We were both seriously excited by the arrival of my brother's baby girl this week. I am thrilled to be an Auntie and looking forward to lots of spoiling her and cuddles. Our friends are also expecting (twins no less) and I'm organising the baby shower. It got us thinking about society's reaction to a new born, and how it differs from adoption. I guess people are well trained in how to react to a new birth: buy a babygro and some flowers, take hundreds of photographs and coo lots at the cute little sleeping wee person. More than that it comes automatically: I couldn't stop staring at my little tiny niece and wanted to cuddle her all day! And I imagine that people don't quite know what to do when you adopt. I mean if we adopt a three year old with it's own personality and ideas, it would be rather scary to be passed round the room and photographed, and quite schocking to recieve huge amounts of new stuff. It's all about the slowly, slowly, softly, softly and I wonder how I will respond to that when the time comes. But that's me...I do like to worry about the unknown. Must purchase a self-help book and become more centred!

To be honest I expect our friends and family will be quite awesome...excitedly murmuring away n the background but trying not to be too overbearing. I just wonder if we will miss all the fuss, all the welcoming and all the celebration. Who knows? There are many many more things to wonder about at this stage and many more important things to worry about. But I do know that being an Auntie is going to be really fun!

Friday 8 July 2011

Form filling and information sessions

Hello!

My first post...excitement. I thought I would document our experience with the information sessions we have attended so far.

So after advice from the lovely people at www.newfamilysocial.co.uk we decided we should check out two different adoption agencies. Where we live there is one big county one and a smaller city local authority. We thought we would go with the county one as it's nearer but on advice went to the other one just in case. Wow...I'm glad we did! The county one talked about wanting adopters from different backgrounds at the beginning but the whole presentation was littered with "they need a Mum and a Dad" as well as crayon drawings of mummies and daddies. Ridiculous. Definitely not practising what they preached there! There was also an overwhelming vibe that they were doing us a favour and potential adopters were almost an inconvenience. Erm...more like essential! I don't like the way they made you feel like it was a hideous trial you had to go through to "prove your worth". Odd. Anyway, we went off to the city one and they were genuinely inclusive and wonderful and incredibly friendly (plus we didn't have to take part in a cringey quiz).

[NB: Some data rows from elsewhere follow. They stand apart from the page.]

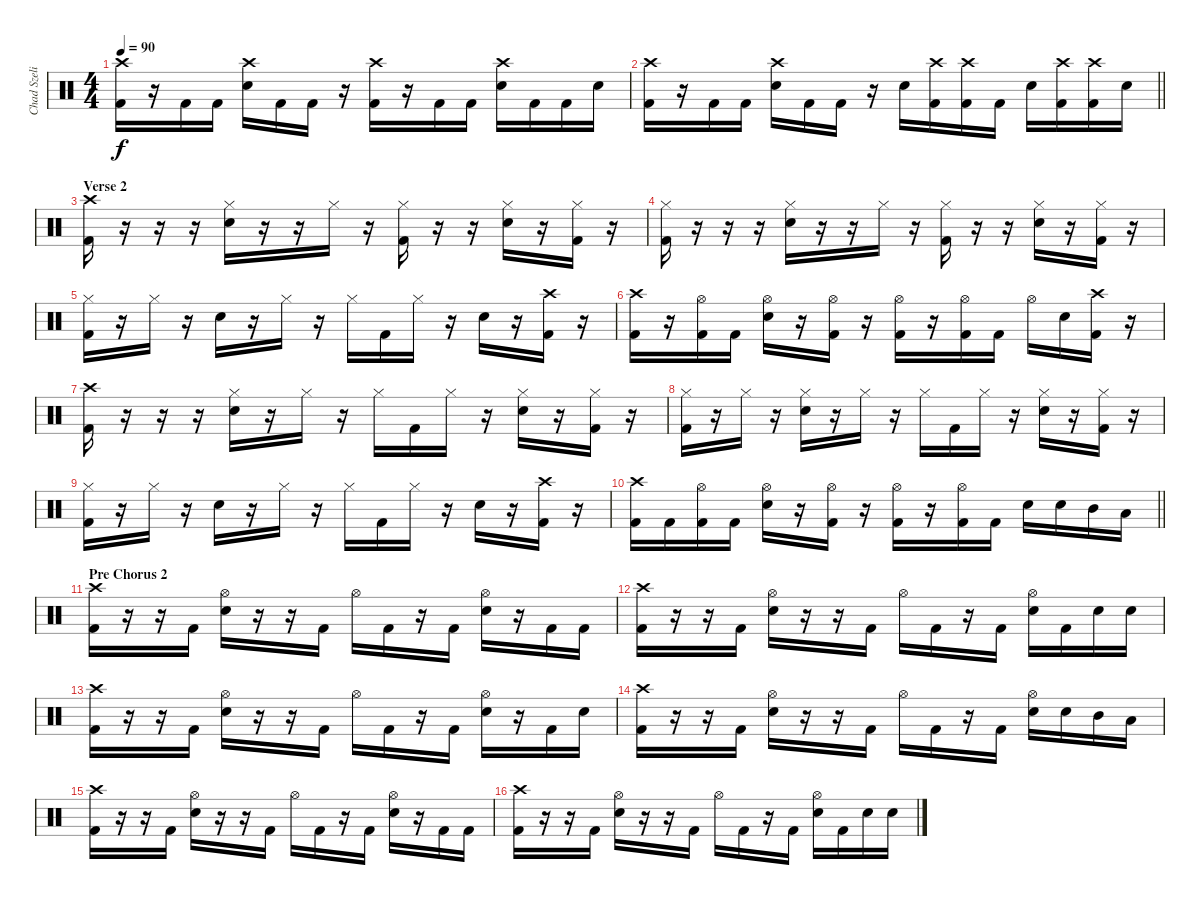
\track ("Chad Szeliga" "Chad Szeli") {instrument percussion}
\staff {score}
\articulation defaults
\ts (4 4)
\tempo 90
\clef neutral
\ks c
("Crash high (hit)" "Kick (hit) 2").16{dy f} r.16 "Kick (hit) 2".16 "Kick (hit) 2".16 ("Crash high (hit)" "Electric Snare (hit)").16 "Kick (hit) 2".16 "Kick (hit) 2".16 r.16 ("Crash high (hit)" "Kick (hit) 2").16 r.16 "Kick (hit) 2".16 "Kick (hit) 2".16 ("Crash high (hit)" "Electric Snare (hit)").16 "Kick (hit) 2".16 "Kick (hit) 2".16 "Electric Snare (hit)".16 |
\barLineRight lightlight
("Crash high (hit)" "Kick (hit) 2").16 r.16 "Kick (hit) 2".16 "Kick (hit) 2".16 ("Crash high (hit)" "Electric Snare (hit)").16 "Kick (hit) 2".16 "Kick (hit) 2".16 r.16 "Electric Snare (hit)".16 ("Crash high (hit)" "Kick (hit) 2").16 ("Crash high (hit)" "Kick (hit) 2").16 "Kick (hit) 2".16 "Electric Snare (hit)".16 ("Crash high (hit)" "Kick (hit) 2").16 ("Crash high (hit)" "Kick (hit) 2").16 "Electric Snare (hit)".16 |
\section ("" "Verse 2")
("Crash high (hit)" "Kick (hit) 2").16 r.16 r.16 r.16 ("Hi-Hat (closed)" "Electric Snare (hit)").16 r.16 r.16 "Hi-Hat (closed)".16 r.16 ("Hi-Hat (closed)" "Kick (hit) 2").16 r.16 r.16 ("Hi-Hat (closed)" "Electric Snare (hit)").16 r.16 ("Hi-Hat (closed)" "Kick (hit) 2").16 r.16 |
("Hi-Hat (closed)" "Kick (hit) 2").16 r.16 r.16 r.16 ("Hi-Hat (closed)" "Electric Snare (hit)").16 r.16 r.16 "Hi-Hat (closed)".16 r.16 ("Hi-Hat (closed)" "Kick (hit) 2").16 r.16 r.16 ("Hi-Hat (closed)" "Electric Snare (hit)").16 r.16 ("Hi-Hat (closed)" "Kick (hit) 2").16 r.16 |
("Hi-Hat (closed)" "Kick (hit) 2").16 r.16 "Hi-Hat (closed)".16 r.16 "Electric Snare (hit)".16 r.16 "Hi-Hat (closed)".16 r.16 "Hi-Hat (closed)".16 "Kick (hit) 2".16 "Hi-Hat (closed)".16 r.16 "Electric Snare (hit)".16 r.16 ("Crash high (hit)" "Kick (hit) 2").16 r.16 |
("Crash high (hit)" "Kick (hit) 2").16 r.16 ("Hi-Hat (open)" "Kick (hit) 2").16 "Kick (hit) 2".16 ("Hi-Hat (open)" "Electric Snare (hit)").16 r.16 ("Hi-Hat (open)" "Kick (hit) 2").16 r.16 ("Hi-Hat (open)" "Kick (hit) 2").16 r.16 ("Hi-Hat (open)" "Kick (hit) 2").16 "Kick (hit) 2".16 "Hi-Hat (open)".16 "Electric Snare (hit)".16 ("Crash high (hit)" "Kick (hit) 2").16 r.16 |
("Crash high (hit)" "Kick (hit) 2").16 r.16 r.16 r.16 ("Hi-Hat (closed)" "Electric Snare (hit)").16 r.16 "Hi-Hat (closed)".16 r.16 "Hi-Hat (closed)".16 "Kick (hit) 2".16 "Hi-Hat (closed)".16 r.16 ("Hi-Hat (closed)" "Electric Snare (hit)").16 r.16 ("Hi-Hat (closed)" "Kick (hit) 2").16 r.16 |
("Hi-Hat (closed)" "Kick (hit) 2").16 r.16 "Hi-Hat (closed)".16 r.16 ("Hi-Hat (closed)" "Electric Snare (hit)").16 r.16 "Hi-Hat (closed)".16 r.16 "Hi-Hat (closed)".16 "Kick (hit) 2".16 "Hi-Hat (closed)".16 r.16 ("Hi-Hat (closed)" "Electric Snare (hit)").16 r.16 ("Hi-Hat (closed)" "Kick (hit) 2").16 r.16 |
("Hi-Hat (closed)" "Kick (hit) 2").16 r.16 "Hi-Hat (closed)".16 r.16 "Electric Snare (hit)".16 r.16 "Hi-Hat (closed)".16 r.16 "Hi-Hat (closed)".16 "Kick (hit) 2".16 "Hi-Hat (closed)".16 r.16 "Electric Snare (hit)".16 r.16 ("Crash high (hit)" "Kick (hit) 2").16 r.16 |
\barLineRight lightlight
("Crash high (hit)" "Kick (hit) 2").16 "Kick (hit) 2".16 ("Hi-Hat (open)" "Kick (hit) 2").16 "Kick (hit) 2".16 ("Hi-Hat (open)" "Electric Snare (hit)").16 r.16 ("Hi-Hat (open)" "Kick (hit) 2").16 r.16 ("Hi-Hat (open)" "Kick (hit) 2").16 r.16 ("Hi-Hat (open)" "Kick (hit) 2").16 "Kick (hit) 2".16 "Electric Snare (hit)".16 "Electric Snare (hit)".16 "Mid Tom (hit)".16 "Low Tom (hit)".16 |
\section ("" "Pre Chorus 2")
("Crash high (hit)" "Kick (hit) 2").16 r.16 r.16 "Kick (hit) 2".16 ("Hi-Hat (open)" "Electric Snare (hit)").16 r.16 r.16 "Kick (hit) 2".16 "Hi-Hat (open)".16 "Kick (hit) 2".16 r.16 "Kick (hit) 2".16 ("Hi-Hat (open)" "Electric Snare (hit)").16 r.16 "Kick (hit) 2".16 "Kick (hit) 2".16 |
("Crash high (hit)" "Kick (hit) 2").16 r.16 r.16 "Kick (hit) 2".16 ("Hi-Hat (open)" "Electric Snare (hit)").16 r.16 r.16 "Kick (hit) 2".16 "Hi-Hat (open)".16 "Kick (hit) 2".16 r.16 "Kick (hit) 2".16 ("Hi-Hat (open)" "Electric Snare (hit)").16 "Kick (hit) 2".16 "Electric Snare (hit)".16 "Electric Snare (hit)".16 |
("Crash high (hit)" "Kick (hit) 2").16 r.16 r.16 "Kick (hit) 2".16 ("Hi-Hat (open)" "Electric Snare (hit)").16 r.16 r.16 "Kick (hit) 2".16 "Hi-Hat (open)".16 "Kick (hit) 2".16 r.16 "Kick (hit) 2".16 ("Hi-Hat (open)" "Electric Snare (hit)").16 r.16 "Kick (hit) 2".16 "Electric Snare (hit)".16 |
("Crash high (hit)" "Kick (hit) 2").16 r.16 r.16 "Kick (hit) 2".16 ("Hi-Hat (open)" "Electric Snare (hit)").16 r.16 r.16 "Kick (hit) 2".16 "Hi-Hat (open)".16 "Kick (hit) 2".16 r.16 "Kick (hit) 2".16 ("Hi-Hat (open)" "Electric Snare (hit)").16 "Electric Snare (hit)".16 "Mid Tom (hit)".16 "Low Tom (hit)".16 |
("Crash high (hit)" "Kick (hit) 2").16 r.16 r.16 "Kick (hit) 2".16 ("Hi-Hat (open)" "Electric Snare (hit)").16 r.16 r.16 "Kick (hit) 2".16 "Hi-Hat (open)".16 "Kick (hit) 2".16 r.16 "Kick (hit) 2".16 ("Hi-Hat (open)" "Electric Snare (hit)").16 r.16 "Kick (hit) 2".16 "Kick (hit) 2".16 |
("Crash high (hit)" "Kick (hit) 2").16 r.16 r.16 "Kick (hit) 2".16 ("Hi-Hat (open)" "Electric Snare (hit)").16 r.16 r.16 "Kick (hit) 2".16 "Hi-Hat (open)".16 "Kick (hit) 2".16 r.16 "Kick (hit) 2".16 ("Hi-Hat (open)" "Electric Snare (hit)").16 "Kick (hit) 2".16 "Electric Snare (hit)".16 "Electric Snare (hit)".16

Which means that I would definitely reinforce the advice we were given: you're awesome, they need you so shop around!

So after more form filling in we've been offered a home visit by the county authority (their session was first) and we've sent off our form for the city one. Hopefully the social worker will be able to come during the school holidays.

Excitement!

I'm already feeling like I don't know if we want one or two children. Lovely sensible people seem to suggest that you just wait and see nearer the time. Although clearly it is something we need to think/talk about a lot!

So...that's the end of my first post. Will I keep this up I wonder. I'll try!